» **WHAT IS NEEDED**
Send back the data below exactly. Drop every picture.

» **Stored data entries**
/---

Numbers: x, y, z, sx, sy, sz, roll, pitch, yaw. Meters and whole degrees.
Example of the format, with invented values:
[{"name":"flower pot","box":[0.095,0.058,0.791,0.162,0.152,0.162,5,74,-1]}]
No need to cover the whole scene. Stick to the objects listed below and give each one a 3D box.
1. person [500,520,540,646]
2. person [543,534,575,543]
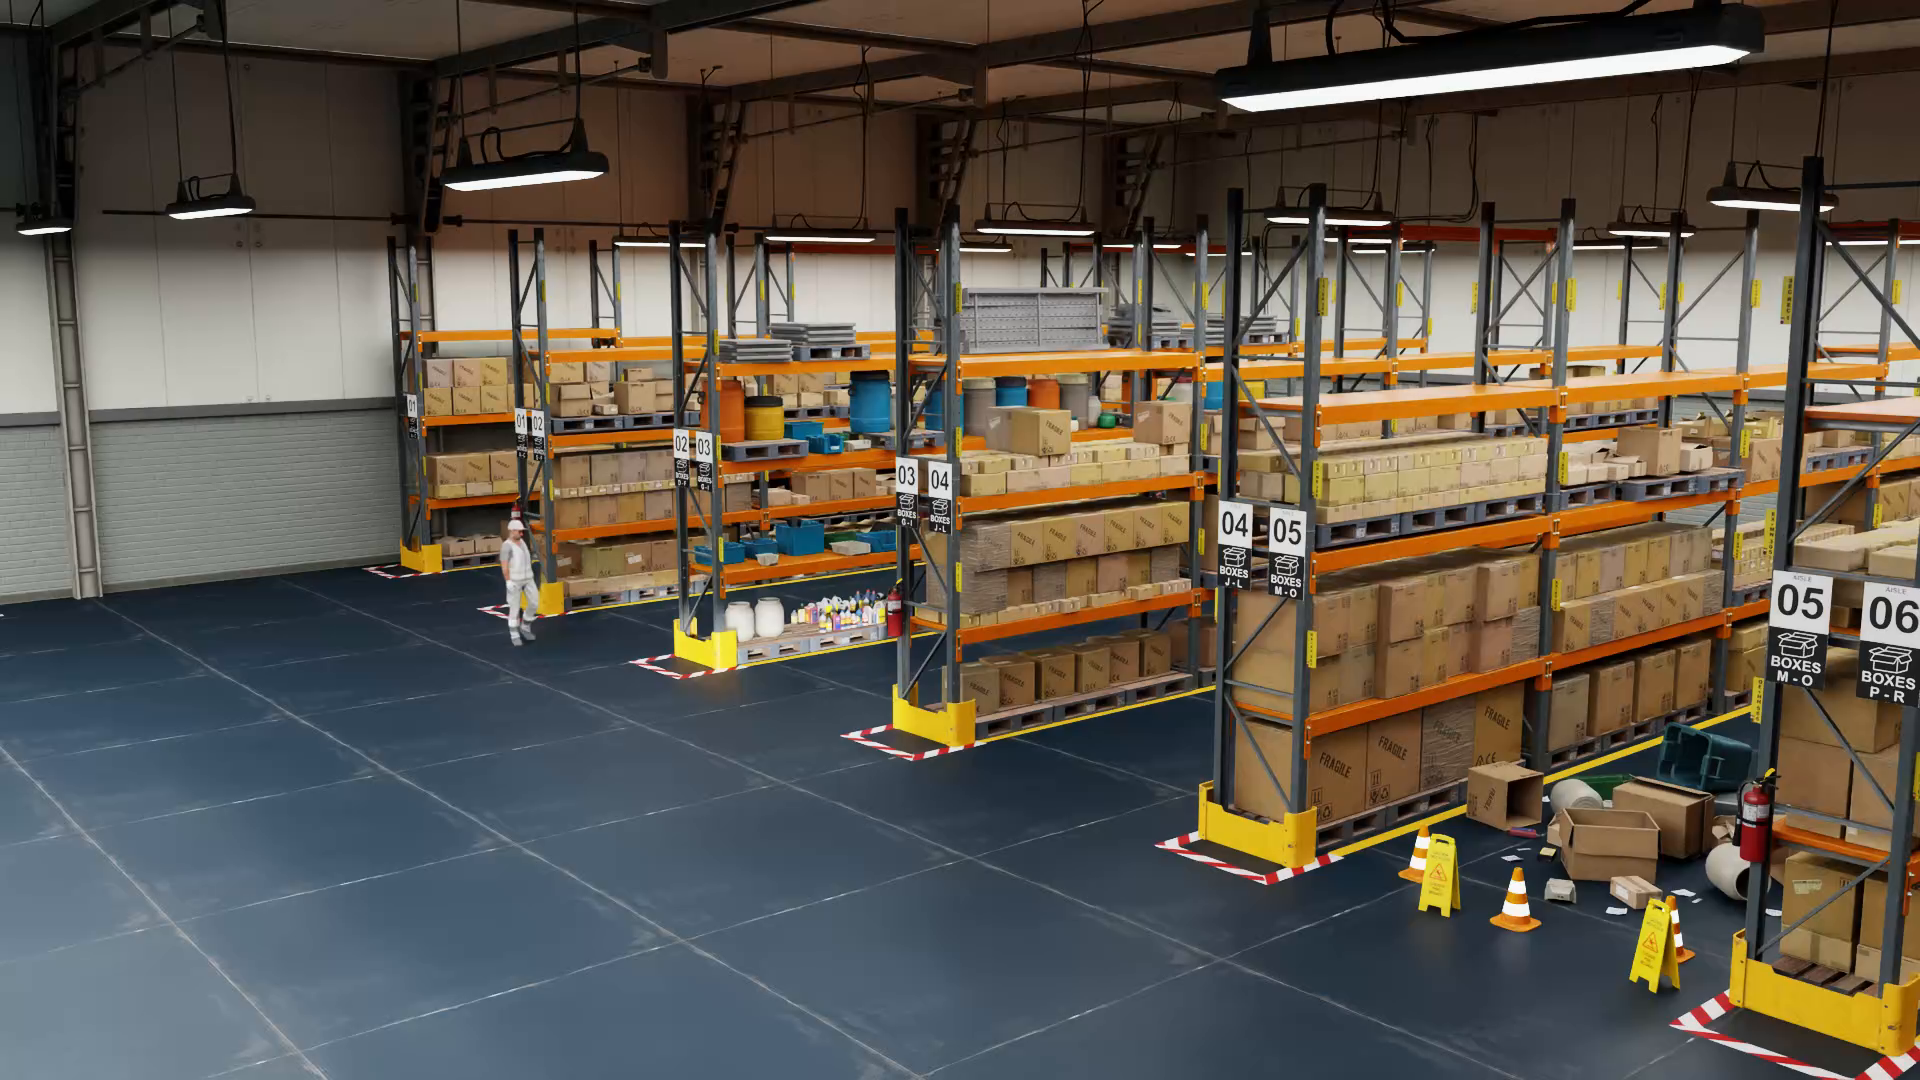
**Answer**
[{"name":"person","box":[-6.347,0.602,23.975,0.490,1.791,0.643,8,12,40]},{"name":"person","box":[-7.100,-0.190,29.502,0.585,1.867,0.451,-1,9,-5]}]

\---

» **WRITTEN RESPONSE**
Numbers: x, y, z, sx, sy, sz, roll, pitch, yaw. Meters and whole degrees.
Example of the format, with invented values:
[{"name":"flower pot","box":[0.095,0.058,0.791,0.162,0.152,0.162,5,74,-1]}]
No need to cover the whole scene. Stick to the objects listed below and give each one a 3D box.
1. person [500,520,540,646]
2. person [543,534,575,543]
**Answer**
[{"name":"person","box":[-6.347,0.602,23.975,0.490,1.791,0.643,8,12,40]},{"name":"person","box":[-7.100,-0.190,29.502,0.585,1.867,0.451,-1,9,-5]}]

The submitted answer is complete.